■ WHAT TO WORK ON ■
Which lines of the records below contain the word "instrument"? Copy each of them out.

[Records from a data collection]
::::::::

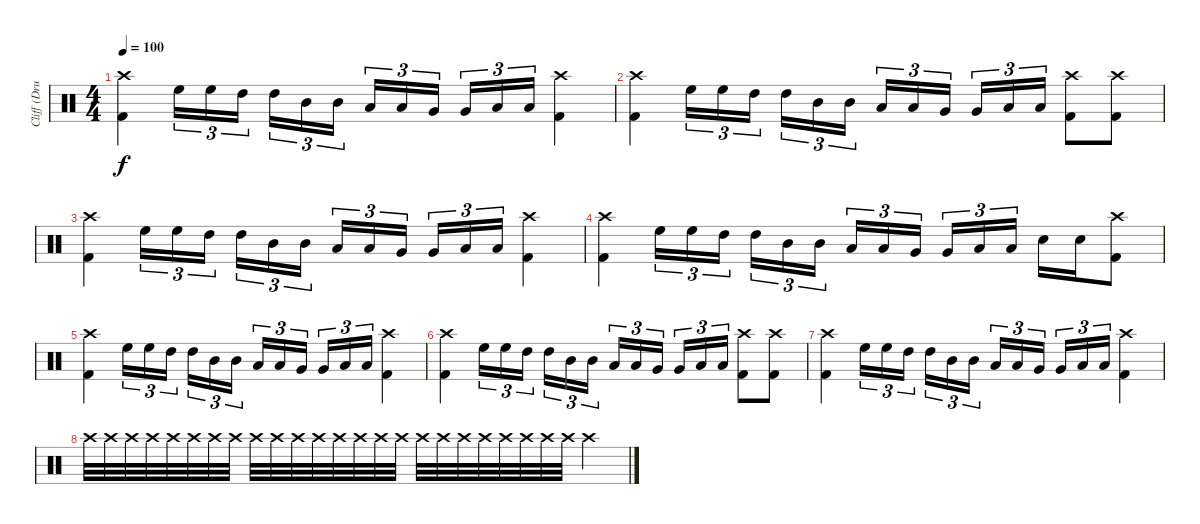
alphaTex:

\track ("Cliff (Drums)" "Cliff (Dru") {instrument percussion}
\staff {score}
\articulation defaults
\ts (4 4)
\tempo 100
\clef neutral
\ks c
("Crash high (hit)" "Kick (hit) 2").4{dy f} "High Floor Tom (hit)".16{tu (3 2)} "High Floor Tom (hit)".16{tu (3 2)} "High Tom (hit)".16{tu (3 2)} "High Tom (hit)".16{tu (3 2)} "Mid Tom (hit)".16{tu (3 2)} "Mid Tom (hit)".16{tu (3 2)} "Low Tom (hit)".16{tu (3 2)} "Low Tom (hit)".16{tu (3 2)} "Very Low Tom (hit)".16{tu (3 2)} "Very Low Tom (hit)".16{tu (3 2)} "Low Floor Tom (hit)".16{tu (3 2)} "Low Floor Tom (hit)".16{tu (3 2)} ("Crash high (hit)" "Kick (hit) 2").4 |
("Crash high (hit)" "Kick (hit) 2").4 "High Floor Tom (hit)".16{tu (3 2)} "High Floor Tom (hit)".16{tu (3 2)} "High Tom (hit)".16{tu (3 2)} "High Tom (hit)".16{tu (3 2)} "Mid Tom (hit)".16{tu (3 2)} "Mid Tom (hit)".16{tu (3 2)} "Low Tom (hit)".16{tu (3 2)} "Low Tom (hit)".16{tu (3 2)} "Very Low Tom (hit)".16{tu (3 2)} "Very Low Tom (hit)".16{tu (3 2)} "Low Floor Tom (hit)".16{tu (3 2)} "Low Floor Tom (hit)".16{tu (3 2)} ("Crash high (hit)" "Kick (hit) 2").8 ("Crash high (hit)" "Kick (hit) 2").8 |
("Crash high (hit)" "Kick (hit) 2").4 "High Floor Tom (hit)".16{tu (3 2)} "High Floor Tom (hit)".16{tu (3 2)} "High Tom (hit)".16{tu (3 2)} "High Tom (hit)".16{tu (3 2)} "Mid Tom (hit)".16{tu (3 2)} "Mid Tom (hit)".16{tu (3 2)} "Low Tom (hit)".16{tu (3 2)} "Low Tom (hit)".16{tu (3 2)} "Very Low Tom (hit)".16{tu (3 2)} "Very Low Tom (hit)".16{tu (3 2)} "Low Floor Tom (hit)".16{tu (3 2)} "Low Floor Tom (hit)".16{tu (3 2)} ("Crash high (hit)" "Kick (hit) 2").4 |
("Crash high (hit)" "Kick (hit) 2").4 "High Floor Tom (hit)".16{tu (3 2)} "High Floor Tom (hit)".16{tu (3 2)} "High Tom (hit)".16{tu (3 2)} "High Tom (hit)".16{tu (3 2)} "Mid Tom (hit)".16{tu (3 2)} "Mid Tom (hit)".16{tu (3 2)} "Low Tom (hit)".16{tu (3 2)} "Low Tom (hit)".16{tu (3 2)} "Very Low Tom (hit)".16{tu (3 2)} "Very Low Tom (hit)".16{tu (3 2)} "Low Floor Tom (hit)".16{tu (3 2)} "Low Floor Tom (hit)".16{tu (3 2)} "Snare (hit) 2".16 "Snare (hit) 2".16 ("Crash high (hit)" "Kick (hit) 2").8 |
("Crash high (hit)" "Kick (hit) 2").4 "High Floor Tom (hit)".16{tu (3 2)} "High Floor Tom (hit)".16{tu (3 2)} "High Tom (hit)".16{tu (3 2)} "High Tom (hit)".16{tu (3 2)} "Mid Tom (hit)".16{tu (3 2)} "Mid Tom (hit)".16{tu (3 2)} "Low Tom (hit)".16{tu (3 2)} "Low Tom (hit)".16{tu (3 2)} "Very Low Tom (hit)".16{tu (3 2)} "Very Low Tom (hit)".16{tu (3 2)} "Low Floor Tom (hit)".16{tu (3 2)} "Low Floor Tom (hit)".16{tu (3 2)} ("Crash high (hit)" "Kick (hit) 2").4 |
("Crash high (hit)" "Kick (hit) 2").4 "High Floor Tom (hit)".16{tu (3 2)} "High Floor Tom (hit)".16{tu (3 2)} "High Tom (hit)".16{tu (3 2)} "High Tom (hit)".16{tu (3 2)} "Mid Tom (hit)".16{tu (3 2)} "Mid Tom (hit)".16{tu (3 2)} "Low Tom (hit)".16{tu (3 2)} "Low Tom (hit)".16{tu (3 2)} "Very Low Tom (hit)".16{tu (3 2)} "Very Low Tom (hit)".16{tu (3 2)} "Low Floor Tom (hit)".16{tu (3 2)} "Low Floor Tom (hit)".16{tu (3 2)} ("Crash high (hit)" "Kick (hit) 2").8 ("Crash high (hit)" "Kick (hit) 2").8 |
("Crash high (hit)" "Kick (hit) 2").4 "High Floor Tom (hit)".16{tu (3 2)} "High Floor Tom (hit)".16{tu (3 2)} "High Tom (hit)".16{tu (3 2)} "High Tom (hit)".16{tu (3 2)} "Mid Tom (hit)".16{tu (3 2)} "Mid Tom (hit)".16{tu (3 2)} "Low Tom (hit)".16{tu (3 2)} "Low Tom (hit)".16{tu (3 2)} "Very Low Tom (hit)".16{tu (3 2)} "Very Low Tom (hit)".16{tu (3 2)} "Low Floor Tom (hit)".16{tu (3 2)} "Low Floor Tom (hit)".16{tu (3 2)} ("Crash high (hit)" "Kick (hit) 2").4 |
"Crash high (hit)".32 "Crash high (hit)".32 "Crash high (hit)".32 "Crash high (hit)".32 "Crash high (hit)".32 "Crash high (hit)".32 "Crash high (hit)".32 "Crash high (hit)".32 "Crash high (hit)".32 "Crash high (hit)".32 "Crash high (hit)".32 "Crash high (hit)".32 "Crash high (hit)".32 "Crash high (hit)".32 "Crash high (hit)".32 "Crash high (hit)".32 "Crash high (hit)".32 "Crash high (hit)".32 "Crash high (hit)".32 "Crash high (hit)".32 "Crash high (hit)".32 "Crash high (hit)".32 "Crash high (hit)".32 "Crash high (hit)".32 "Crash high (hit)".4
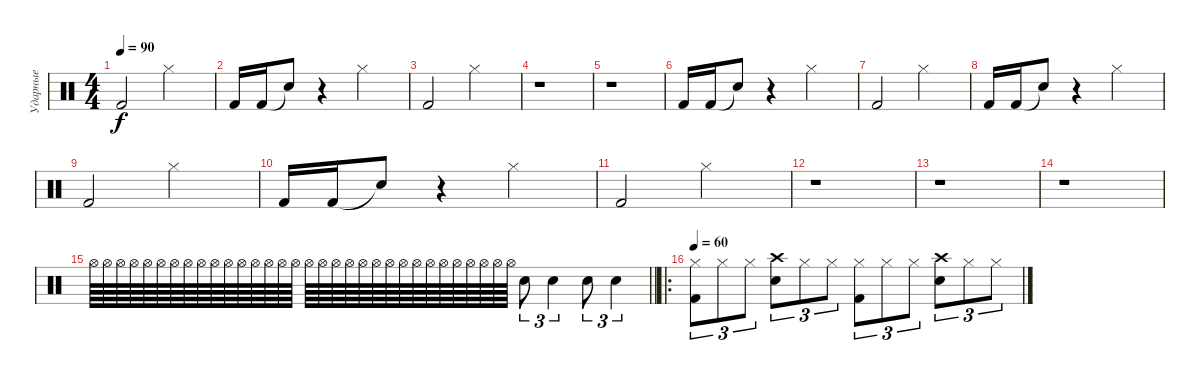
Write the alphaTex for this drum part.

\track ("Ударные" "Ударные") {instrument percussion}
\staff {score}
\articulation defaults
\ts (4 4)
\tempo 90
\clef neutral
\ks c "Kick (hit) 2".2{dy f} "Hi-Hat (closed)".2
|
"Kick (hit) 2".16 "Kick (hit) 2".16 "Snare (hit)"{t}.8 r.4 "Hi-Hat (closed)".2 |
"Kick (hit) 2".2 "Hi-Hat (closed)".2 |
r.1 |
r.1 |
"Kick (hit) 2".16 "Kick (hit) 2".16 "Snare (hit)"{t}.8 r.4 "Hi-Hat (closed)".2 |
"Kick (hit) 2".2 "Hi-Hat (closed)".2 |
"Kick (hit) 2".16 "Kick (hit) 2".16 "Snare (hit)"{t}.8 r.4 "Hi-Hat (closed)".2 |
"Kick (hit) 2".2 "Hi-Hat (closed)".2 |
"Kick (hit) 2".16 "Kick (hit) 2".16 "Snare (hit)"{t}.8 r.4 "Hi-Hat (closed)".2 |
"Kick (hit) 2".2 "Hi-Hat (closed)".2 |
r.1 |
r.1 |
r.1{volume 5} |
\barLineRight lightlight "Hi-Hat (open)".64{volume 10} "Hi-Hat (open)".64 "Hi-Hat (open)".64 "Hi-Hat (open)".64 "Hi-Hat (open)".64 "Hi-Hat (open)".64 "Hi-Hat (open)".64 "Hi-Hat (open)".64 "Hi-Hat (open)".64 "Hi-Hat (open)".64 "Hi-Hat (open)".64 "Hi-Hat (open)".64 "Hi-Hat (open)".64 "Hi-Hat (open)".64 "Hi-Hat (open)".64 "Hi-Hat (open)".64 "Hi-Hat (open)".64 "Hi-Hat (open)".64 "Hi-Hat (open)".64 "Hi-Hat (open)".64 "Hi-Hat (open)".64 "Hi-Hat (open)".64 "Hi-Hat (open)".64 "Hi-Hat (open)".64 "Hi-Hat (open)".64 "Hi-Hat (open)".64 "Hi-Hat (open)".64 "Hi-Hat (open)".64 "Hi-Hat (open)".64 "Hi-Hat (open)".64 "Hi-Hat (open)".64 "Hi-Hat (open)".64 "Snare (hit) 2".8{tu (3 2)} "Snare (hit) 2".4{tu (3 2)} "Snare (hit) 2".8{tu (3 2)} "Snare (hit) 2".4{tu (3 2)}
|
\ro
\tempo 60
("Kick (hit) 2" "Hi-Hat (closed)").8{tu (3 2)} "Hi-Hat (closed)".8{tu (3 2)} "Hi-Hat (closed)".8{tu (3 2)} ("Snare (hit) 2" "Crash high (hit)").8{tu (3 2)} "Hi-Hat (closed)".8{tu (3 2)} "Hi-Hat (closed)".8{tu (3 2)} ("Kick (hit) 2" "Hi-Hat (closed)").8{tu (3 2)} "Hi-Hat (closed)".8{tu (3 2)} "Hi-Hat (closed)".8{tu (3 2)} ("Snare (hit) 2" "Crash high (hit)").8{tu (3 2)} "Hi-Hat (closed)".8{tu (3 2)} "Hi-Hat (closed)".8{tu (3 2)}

::::::::

■ RESPONSE TO THE EXERCISE ■
\track ("Cliff (Drums)" "Cliff (Dru") {instrument percussion}
\track ("Ударные" "Ударные") {instrument percussion}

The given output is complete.